DATA FOR PROCESSING section start

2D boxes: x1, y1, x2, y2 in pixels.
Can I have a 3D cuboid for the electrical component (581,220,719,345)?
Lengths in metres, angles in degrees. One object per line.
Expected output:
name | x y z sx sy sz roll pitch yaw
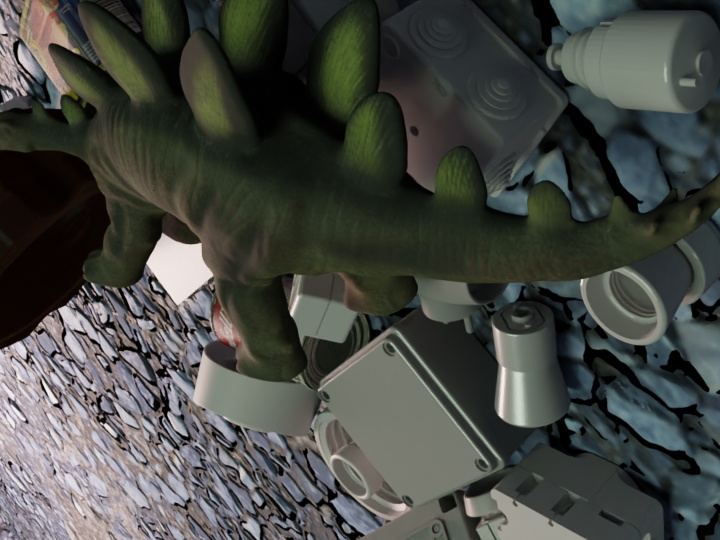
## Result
electrical component | 0.135 0.001 0.491 0.045 0.055 0.045 35 145 28

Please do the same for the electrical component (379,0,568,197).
electrical component | 0.042 -0.080 0.540 0.099 0.048 0.099 47 149 10

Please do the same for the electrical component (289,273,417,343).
electrical component | 0.000 0.000 0.667 0.076 0.083 0.047 12 147 -8

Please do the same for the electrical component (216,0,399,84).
electrical component | -0.034 -0.151 0.557 0.096 0.061 0.062 54 150 -3

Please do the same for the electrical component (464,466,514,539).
electrical component | 0.100 0.165 0.713 0.048 0.066 0.055 -27 92 25

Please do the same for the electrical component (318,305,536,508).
electrical component | 0.042 0.087 0.698 0.108 0.056 0.109 51 142 2

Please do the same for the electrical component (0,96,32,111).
electrical component | -0.318 -0.128 0.971 0.043 0.062 0.043 34 145 28

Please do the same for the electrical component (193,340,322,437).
electrical component | -0.074 0.086 0.809 0.099 0.064 0.099 18 179 0

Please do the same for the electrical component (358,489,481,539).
electrical component | 0.055 0.224 0.749 0.109 0.056 0.108 -35 53 26

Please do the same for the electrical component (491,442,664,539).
electrical component | 0.133 0.149 0.647 0.089 0.056 0.050 23 139 40

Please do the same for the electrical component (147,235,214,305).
electrical component | -0.113 -0.044 0.779 0.089 0.062 0.150 54 150 -2

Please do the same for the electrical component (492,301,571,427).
electrical component | 0.096 0.051 0.613 0.044 0.044 0.065 20 132 43

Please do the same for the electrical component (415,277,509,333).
electrical component | 0.050 0.003 0.622 0.077 0.043 0.079 21 138 42

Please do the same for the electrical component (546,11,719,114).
electrical component | 0.112 -0.087 0.445 0.078 0.040 0.040 15 133 47

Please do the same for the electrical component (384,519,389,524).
electrical component | 0.043 0.223 0.866 0.044 0.044 0.065 32 149 31

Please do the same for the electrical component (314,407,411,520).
electrical component | 0.013 0.135 0.793 0.108 0.060 0.108 34 145 29
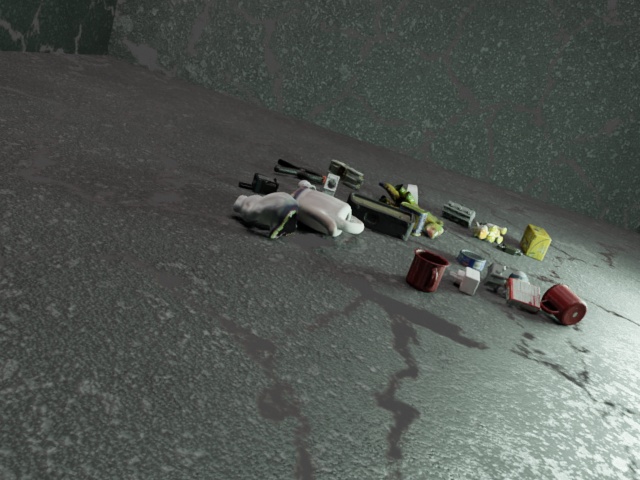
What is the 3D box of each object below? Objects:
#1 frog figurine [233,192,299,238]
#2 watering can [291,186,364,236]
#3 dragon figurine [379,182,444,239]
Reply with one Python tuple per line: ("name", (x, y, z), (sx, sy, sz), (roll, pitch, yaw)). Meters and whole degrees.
("frog figurine", (-0.138, -0.085, 1.332), (0.161, 0.120, 0.139), (37, 42, 17))
("watering can", (0.004, -0.071, 1.417), (0.225, 0.103, 0.348), (24, 10, 14))
("dragon figurine", (0.357, -0.111, 1.951), (0.241, 0.121, 0.417), (32, 17, -16))
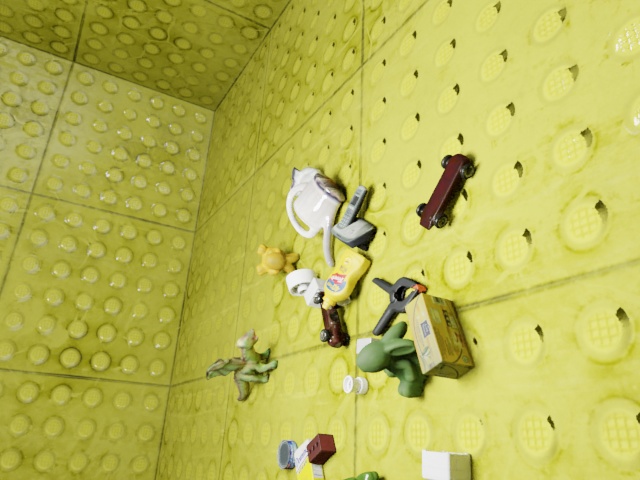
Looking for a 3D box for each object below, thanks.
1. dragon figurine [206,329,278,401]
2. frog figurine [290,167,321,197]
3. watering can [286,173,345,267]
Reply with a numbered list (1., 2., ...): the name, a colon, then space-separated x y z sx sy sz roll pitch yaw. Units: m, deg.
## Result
1. dragon figurine: -0.311 0.486 1.930 0.403 0.242 0.125 -58 36 26
2. frog figurine: -0.023 -0.205 1.937 0.160 0.121 0.139 9 73 27
3. watering can: 0.005 -0.090 1.783 0.221 0.103 0.354 -52 54 20
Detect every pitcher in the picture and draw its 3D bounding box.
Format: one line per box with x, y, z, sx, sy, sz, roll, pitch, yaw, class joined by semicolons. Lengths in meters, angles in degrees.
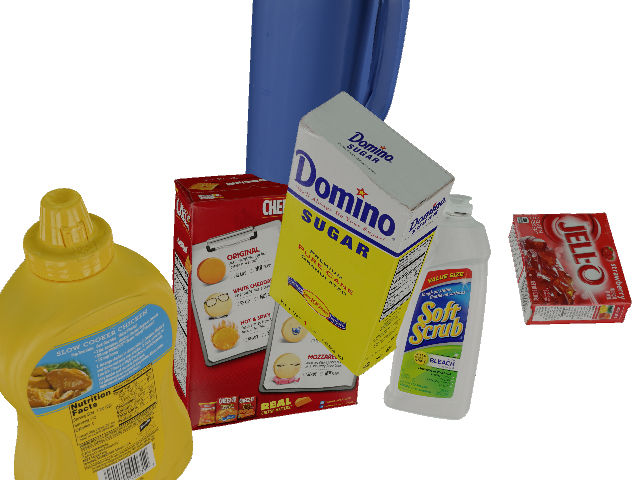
0.004;-0.134;0.907;0.145;0.243;0.149;9;15;11;pitcher

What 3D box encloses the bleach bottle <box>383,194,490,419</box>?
0.135;0.072;1.211;0.103;0.251;0.068;9;13;17;bleach bottle

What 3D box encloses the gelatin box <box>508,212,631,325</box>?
0.184;0.019;0.794;0.073;0.089;0.030;-1;-40;-2;gelatin box

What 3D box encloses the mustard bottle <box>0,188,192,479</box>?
-0.117;0.058;0.536;0.096;0.192;0.058;-24;43;-30;mustard bottle

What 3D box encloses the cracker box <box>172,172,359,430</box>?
-0.045;0.049;0.932;0.164;0.214;0.072;-5;24;-21;cracker box

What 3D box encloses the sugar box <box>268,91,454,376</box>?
0.019;0.001;0.675;0.093;0.176;0.048;41;58;22;sugar box
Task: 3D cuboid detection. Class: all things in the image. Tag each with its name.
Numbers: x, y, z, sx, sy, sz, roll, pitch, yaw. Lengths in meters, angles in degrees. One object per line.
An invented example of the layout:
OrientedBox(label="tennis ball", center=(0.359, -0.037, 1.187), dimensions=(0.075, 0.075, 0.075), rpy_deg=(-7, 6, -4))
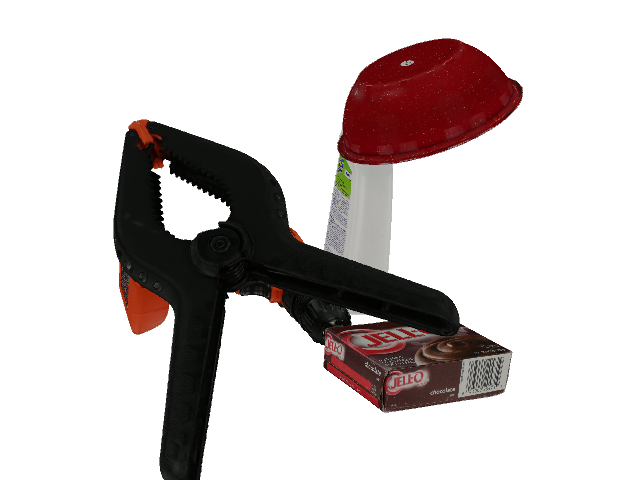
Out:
OrientedBox(label="bleach bottle", center=(0.050, -0.048, 1.236), dimensions=(0.068, 0.251, 0.103), rpy_deg=(-2, 22, -21))
OrientedBox(label="bowl", center=(0.082, -0.124, 0.886), dimensions=(0.162, 0.055, 0.162), rpy_deg=(-18, 24, 8))
OrientedBox(label="power drill", center=(-0.079, 0.043, 0.952), dimensions=(0.187, 0.057, 0.184), rpy_deg=(-1, 24, -20))
OrientedBox(label="clamp", center=(-0.038, 0.010, 0.560), dimensions=(0.164, 0.210, 0.036), rpy_deg=(-23, -30, -9))
OrientedBox(label="pudding box", center=(0.071, 0.090, 0.800), dimensions=(0.113, 0.039, 0.090), rpy_deg=(-2, 16, -29))
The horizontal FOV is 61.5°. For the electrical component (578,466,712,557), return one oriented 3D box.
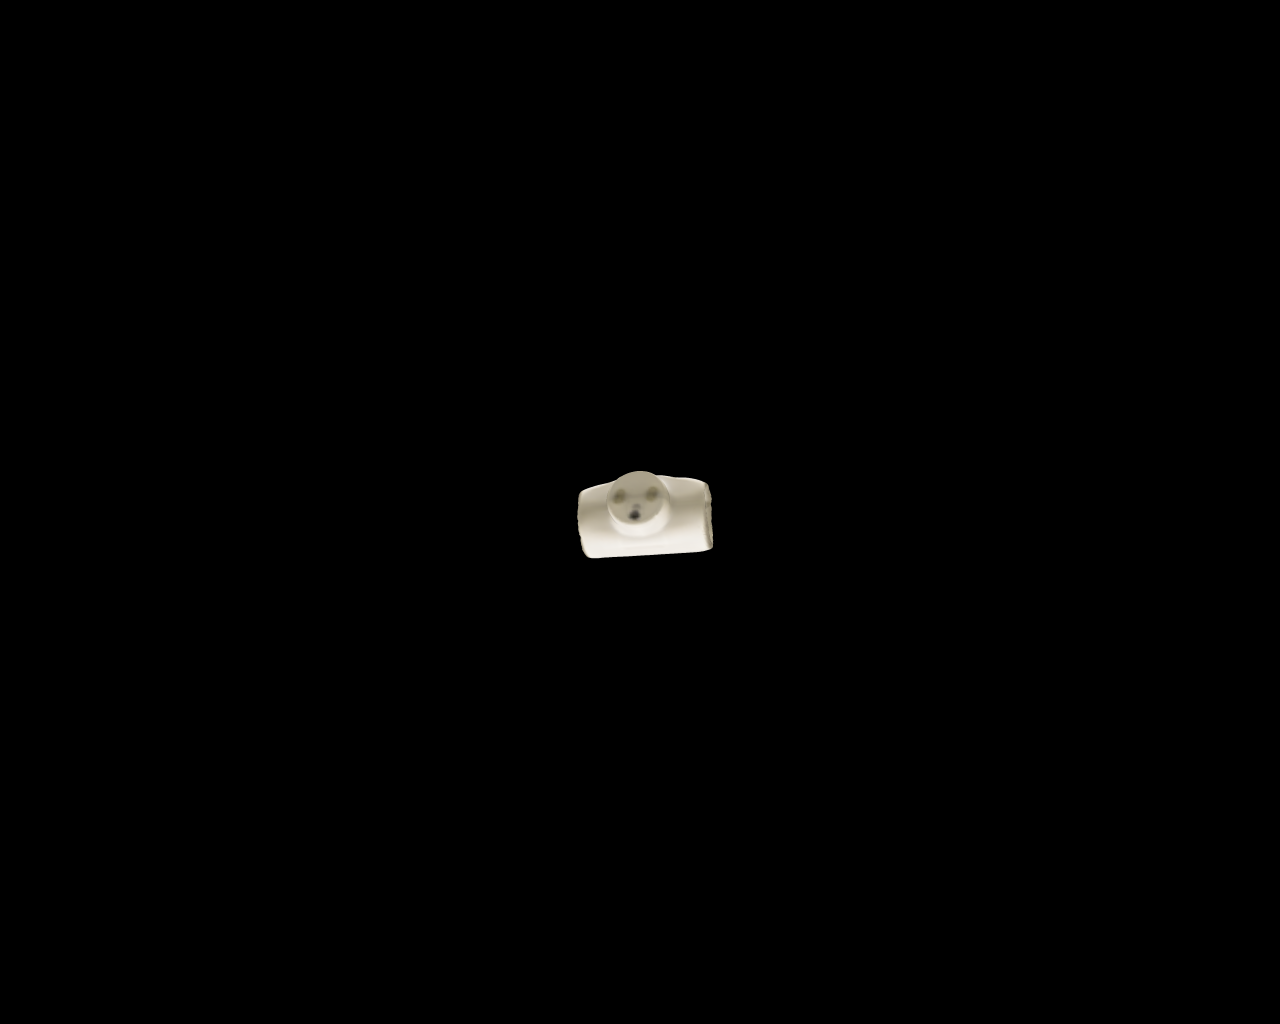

DATA FOR PROCESSING section end

PROBLEM STATEMENT:
Every line from the one holding "What 3D box encloses the bleach" through the final line of the data above is to be reproduced exactly, both ends included, with the pictures left out.

RESULT FOR THIS EXERCISE:
What 3D box encloses the bleach bottle <box>383,194,490,419</box>?
0.135;0.072;1.211;0.103;0.251;0.068;9;13;17;bleach bottle

What 3D box encloses the gelatin box <box>508,212,631,325</box>?
0.184;0.019;0.794;0.073;0.089;0.030;-1;-40;-2;gelatin box

What 3D box encloses the mustard bottle <box>0,188,192,479</box>?
-0.117;0.058;0.536;0.096;0.192;0.058;-24;43;-30;mustard bottle

What 3D box encloses the cracker box <box>172,172,359,430</box>?
-0.045;0.049;0.932;0.164;0.214;0.072;-5;24;-21;cracker box

What 3D box encloses the sugar box <box>268,91,454,376</box>?
0.019;0.001;0.675;0.093;0.176;0.048;41;58;22;sugar box
Task: 3D cuboid detection. Class: all things in the image. Tag each with its name.
Numbers: x, y, z, sx, sy, sz, roll, pitch, yaw. Lengths in meters, angles in degrees. One object per line.
An invented example of the layout:
OrientedBox(label="tennis ball", center=(0.359, -0.037, 1.187), dimensions=(0.075, 0.075, 0.075), rpy_deg=(-7, 6, -4))
Out:
OrientedBox(label="bleach bottle", center=(0.050, -0.048, 1.236), dimensions=(0.068, 0.251, 0.103), rpy_deg=(-2, 22, -21))
OrientedBox(label="bowl", center=(0.082, -0.124, 0.886), dimensions=(0.162, 0.055, 0.162), rpy_deg=(-18, 24, 8))
OrientedBox(label="power drill", center=(-0.079, 0.043, 0.952), dimensions=(0.187, 0.057, 0.184), rpy_deg=(-1, 24, -20))
OrientedBox(label="clamp", center=(-0.038, 0.010, 0.560), dimensions=(0.164, 0.210, 0.036), rpy_deg=(-23, -30, -9))
OrientedBox(label="pudding box", center=(0.071, 0.090, 0.800), dimensions=(0.113, 0.039, 0.090), rpy_deg=(-2, 16, -29))
The horizontal FOV is 61.5°. For the electrical component (578,466,712,557), return one oriented 3D box.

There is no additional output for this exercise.